Can speak to this as I spent time there. HFF is a very old school professional banker atmosphere where hours were routinely 60-70 per week with some weekend work required when slammed. Suit and tie every day, very buttoned up across the board. Mark Gibson who took over JLL's Capital Markets vertical in the reverse merger is a very good barometer for the culture still today - he has been there over 20 years. Very similar to Eastdil in that both were pure play capital markets/investment firm sales known for brokering massive deals. Only had a presence in major institutional markets. Both liked to be thought of more like investment bankers than brokers and aim to provide "white glove" service to clients.
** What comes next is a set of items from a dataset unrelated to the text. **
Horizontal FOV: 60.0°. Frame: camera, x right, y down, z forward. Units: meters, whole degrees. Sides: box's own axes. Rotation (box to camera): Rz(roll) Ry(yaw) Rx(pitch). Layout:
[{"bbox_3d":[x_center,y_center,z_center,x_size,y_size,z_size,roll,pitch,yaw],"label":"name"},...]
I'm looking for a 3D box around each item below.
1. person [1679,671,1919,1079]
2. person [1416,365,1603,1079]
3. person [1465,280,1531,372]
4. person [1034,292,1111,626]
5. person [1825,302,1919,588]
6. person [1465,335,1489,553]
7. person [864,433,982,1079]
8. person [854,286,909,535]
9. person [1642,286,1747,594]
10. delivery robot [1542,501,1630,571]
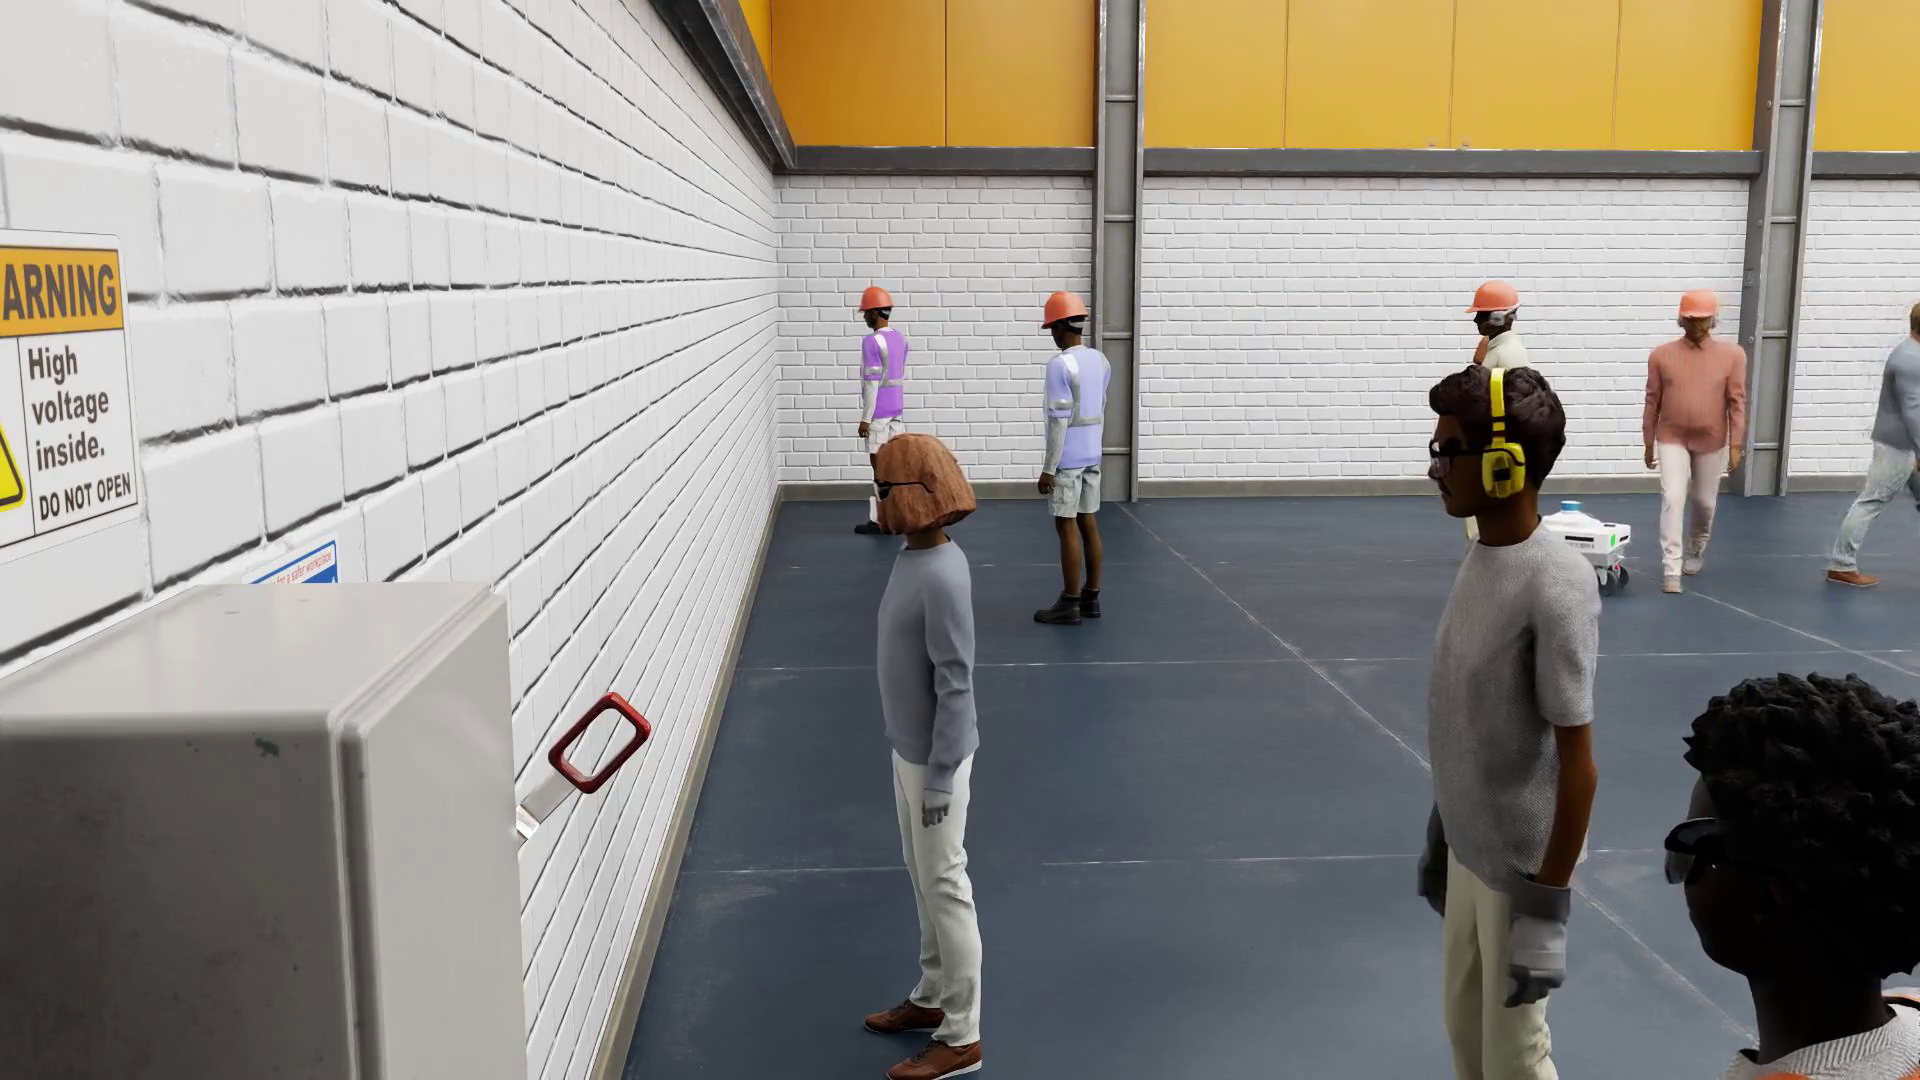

Great place to cut your teeth, almost everyone I know became a broker or left to a successful buy side career. Easy to get burned out by it but paid well and learned a ton from some legends in the game.
HFF used to be one of the best analyst/associate brokerage spots nationally. Everyone really likes those guys
my buddies at HFF were pissed when they got bought. i think the other comments here are accurate in terms of culture. more finance types/Eastdil-esque in terms of culture, low base pay but commission pool on debt/equity teams was solid. i had a friend there who made like $160k there in a year as an analyst on a debt team, probably 7 years ago at this point. seems like the legacy HFF guys kind of took over (at least in markets that I am familiar with).
They were basically a mini Eastdil in how they operated. Sharp guys who crushed it from both the institutional level and also a great relationship with the smaller private developers/owners in their markets. They probably had the best Analyst/Associate program for someone who just wants to be a “RE guy” and not necessarily go on to work for a MF. They operated in small teams and didn’t have the corporate BS and you got exposed to tons of different deals with face to face time with all different Sponsors.